Again, I tasked GPT-5 with the classification task, and it decided to come up with a script that matched titles to categories using these and some other keywords it found in the provided table. I manually corrected some of the keywords. I pointed out that a job title could have multiple matches, and so we changed the script to actually use priority matching based on an ordering that I defined. Essentially, this is based on how I perceived the specificity of the keywords. For example, if “PhD student” occurs, it will be “PhD Position” even if the keywords “software” or “computational biologist” occur.

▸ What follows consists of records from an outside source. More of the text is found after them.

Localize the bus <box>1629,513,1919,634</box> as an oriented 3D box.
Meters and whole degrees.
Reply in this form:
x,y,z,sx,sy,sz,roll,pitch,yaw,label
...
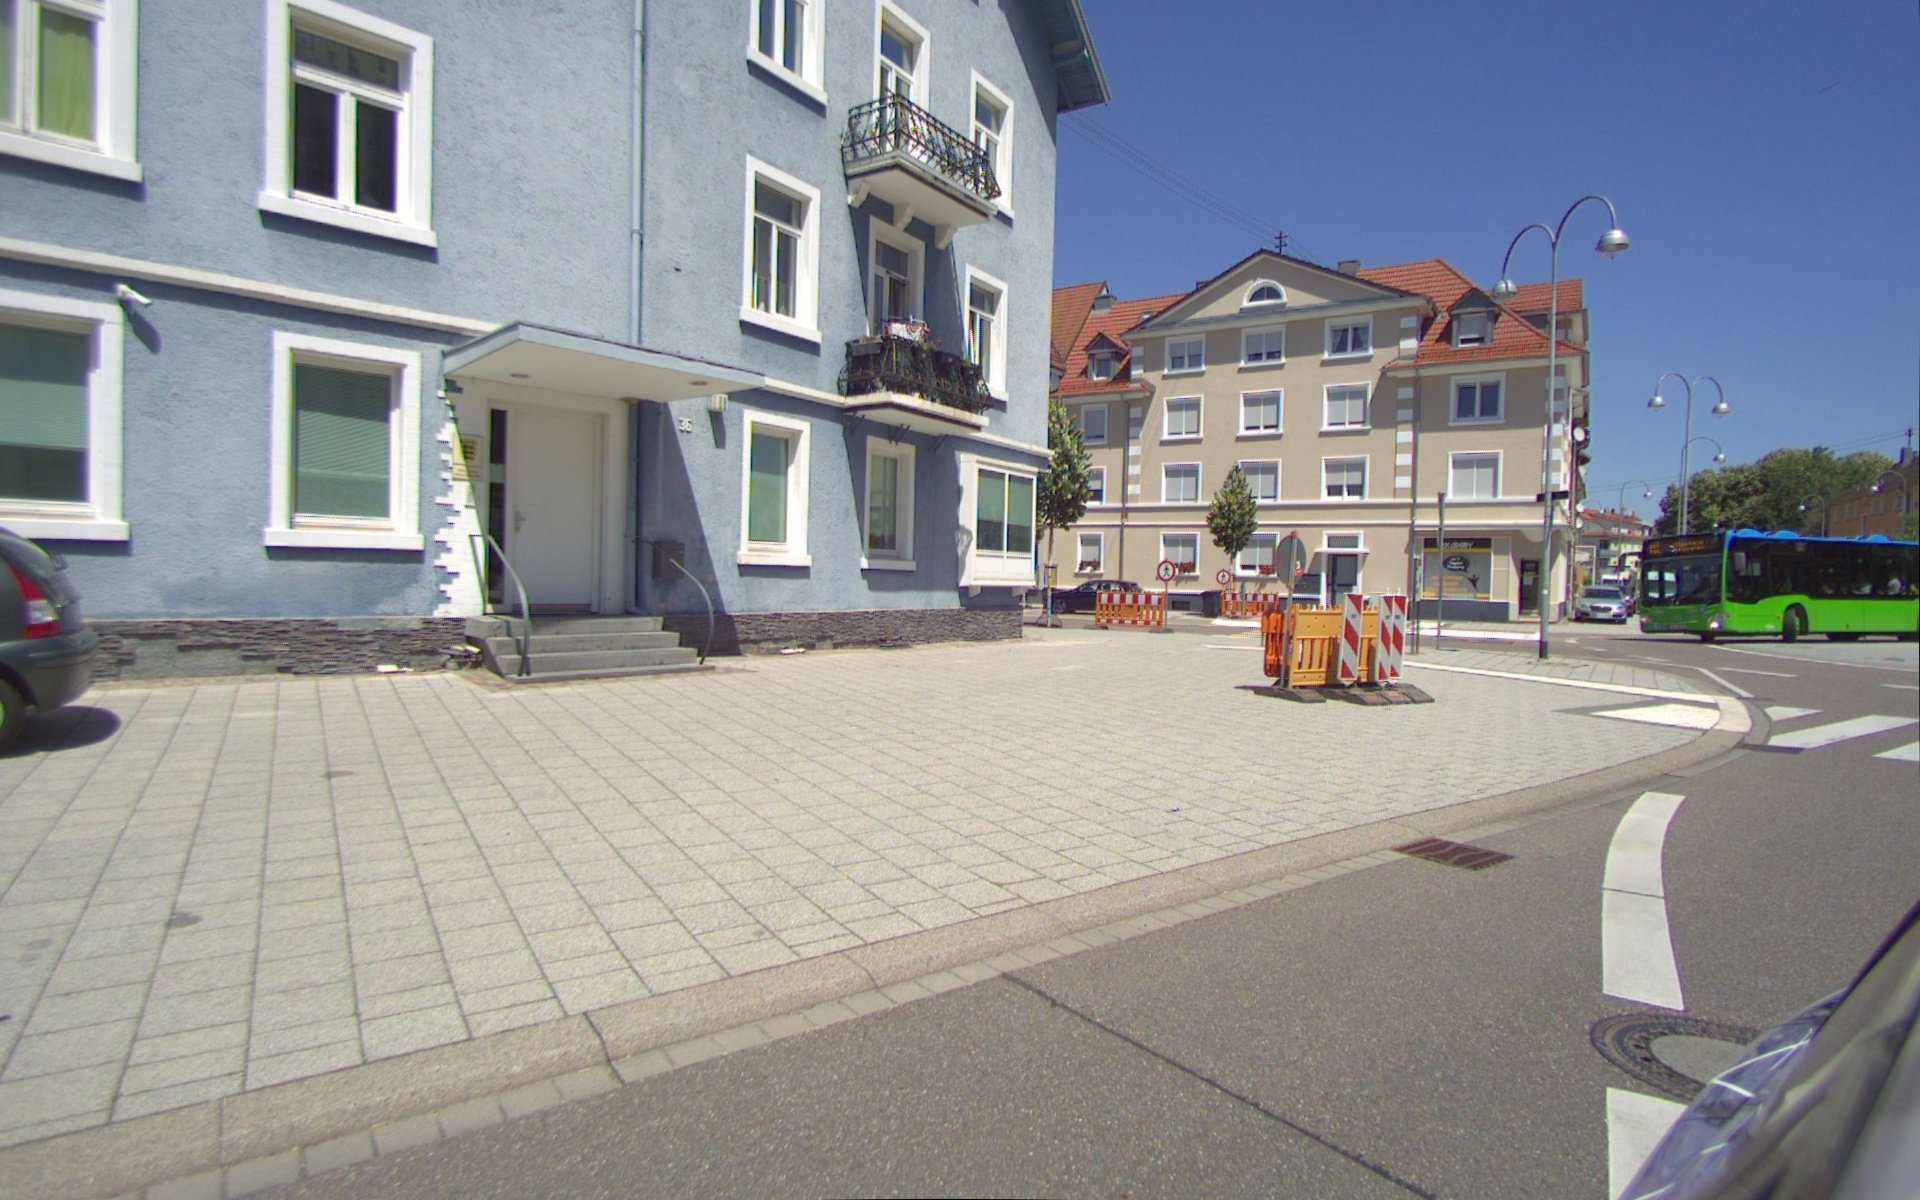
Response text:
x,y,z,sx,sy,sz,roll,pitch,yaw,label
25.384,-0.638,29.312,12.297,3.119,2.919,1,0,-17,bus

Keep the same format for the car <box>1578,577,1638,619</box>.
x,y,z,sx,sy,sz,roll,pitch,yaw,label
26.137,-0.127,40.784,1.816,1.427,3.950,5,4,35,car

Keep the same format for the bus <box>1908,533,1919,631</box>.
x,y,z,sx,sy,sz,roll,pitch,yaw,label
36.096,-0.505,29.727,12.359,3.101,2.922,1,0,10,bus

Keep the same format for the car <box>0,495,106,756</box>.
x,y,z,sx,sy,sz,roll,pitch,yaw,label
-7.327,0.092,5.802,3.674,1.532,1.763,0,5,-40,car

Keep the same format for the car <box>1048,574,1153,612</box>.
x,y,z,sx,sy,sz,roll,pitch,yaw,label
5.781,-0.318,41.676,3.959,1.463,1.883,1,2,26,car
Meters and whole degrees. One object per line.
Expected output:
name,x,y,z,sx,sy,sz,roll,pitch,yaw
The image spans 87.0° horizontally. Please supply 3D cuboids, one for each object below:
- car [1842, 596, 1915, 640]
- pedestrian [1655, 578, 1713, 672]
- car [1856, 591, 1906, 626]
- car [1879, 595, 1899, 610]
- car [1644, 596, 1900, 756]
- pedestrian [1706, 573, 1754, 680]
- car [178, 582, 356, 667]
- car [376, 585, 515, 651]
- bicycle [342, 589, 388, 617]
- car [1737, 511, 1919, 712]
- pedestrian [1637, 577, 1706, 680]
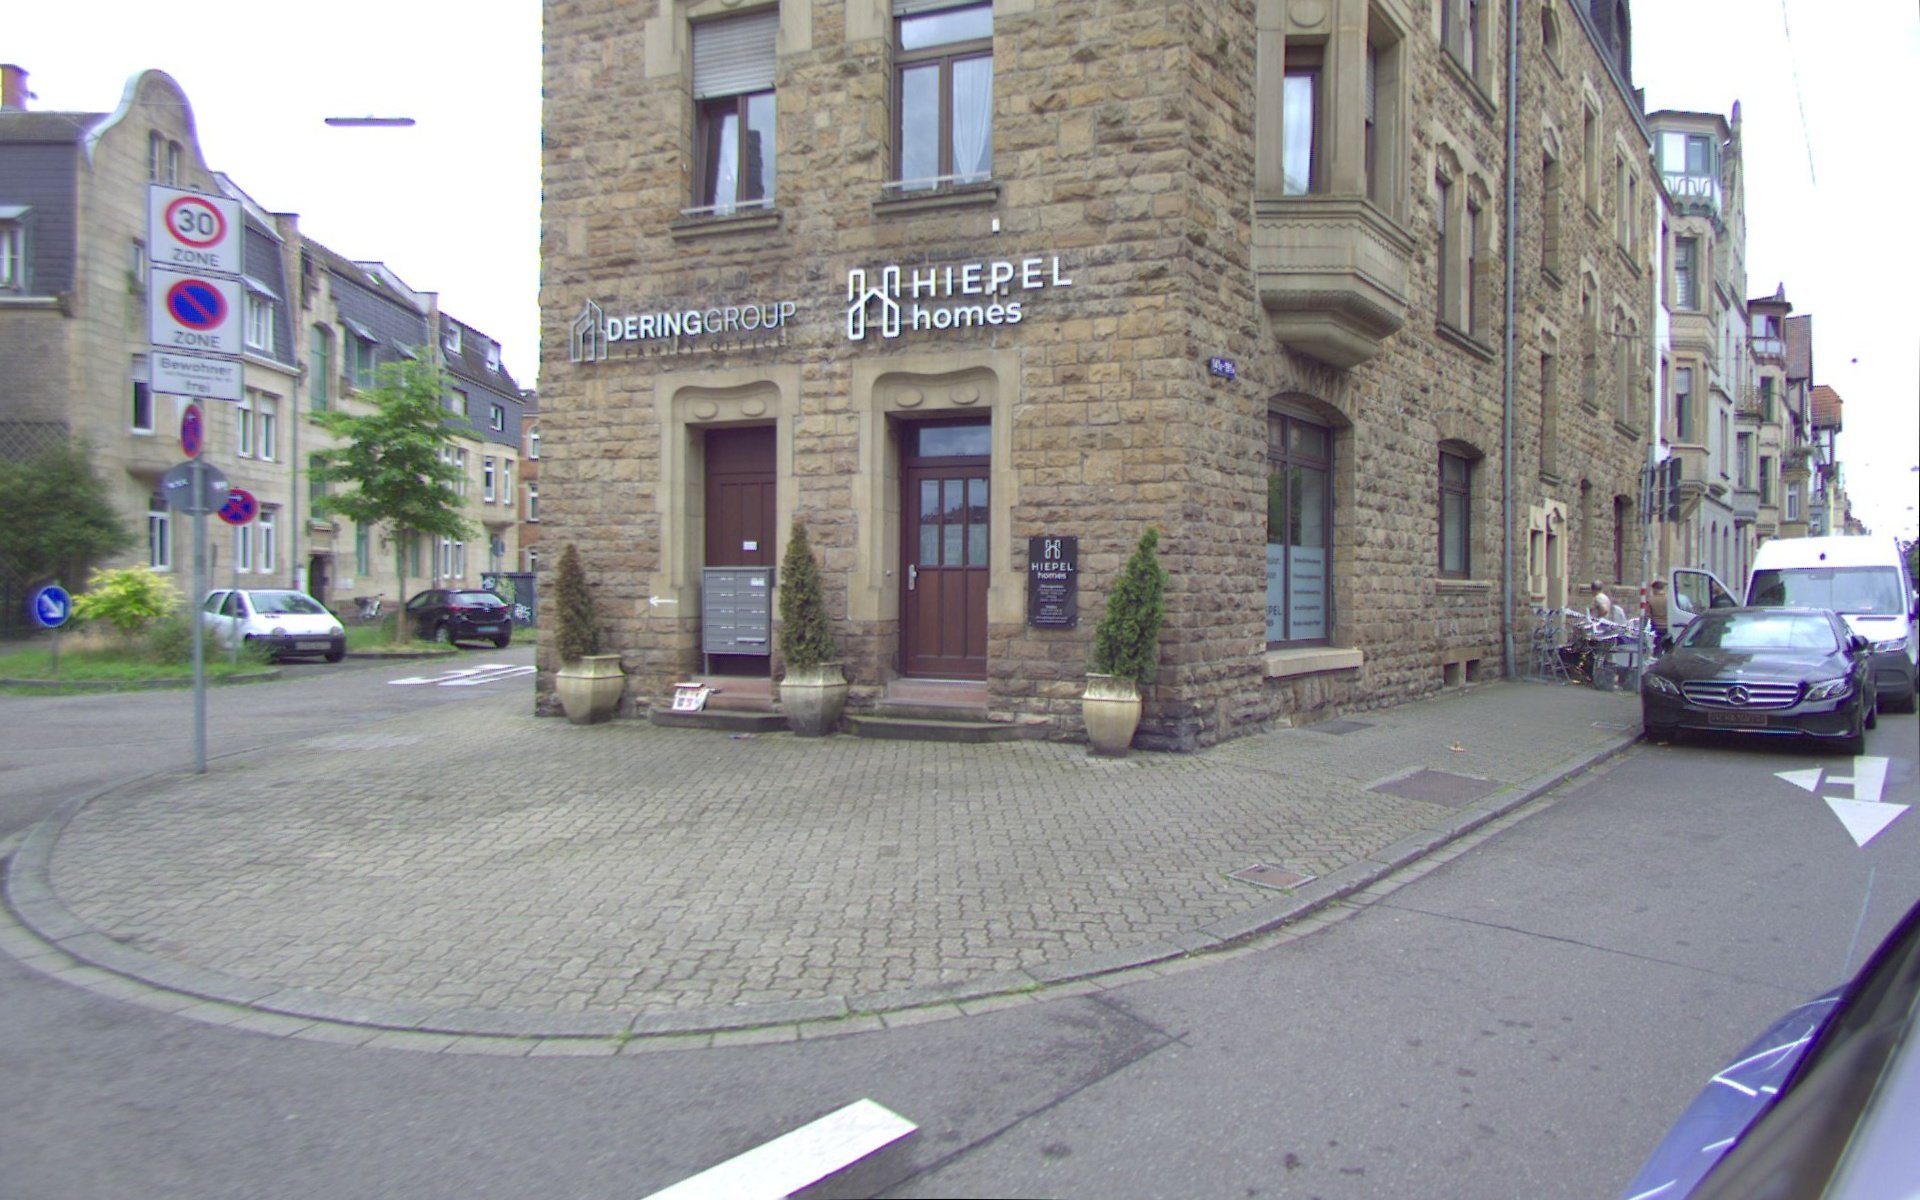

The important distinctions between Research Scientist / Postdoc, Data Science / ML, and Software Development / Engineering are thus at the lowest priority (in that order).

Job titles categories

We see that the research scientist, which includes both industry and academic positions, comes out on top. There is a large fraction of “Other,” which is a big bucket of cases where the simple keyword matching has failed. Based on a brief manual inspection of the “Other” category, I think these jobs follow a similar frequency distribution as the remaining categories. However, one can see that there is also demand for bioinformaticians in other roles, such as marketing, regulatory affairs, field application support, and management. I was surprised to see so many lab assistants on the list. But indeed there are some universities offering programs with a larger focus on wet-lab techniques than I had, for example, “Bioinformatics and Genome Research” at Bielefeld University. …

Conclusion

I think the analysis above actually contains some interesting findings that can be helpful for any seeker of bioinformatics jobs in Germany. I am very aware that some of the methods used do not lead to data with perfect precision. However, I did a couple of manual verifications, and in these cases, the numbers were just a few percentage points off. So I think the overall picture would remain the same if this analysis were to be conducted with scientific scrutiny. Please let me know if there are any questions that I failed to answer in this analysis!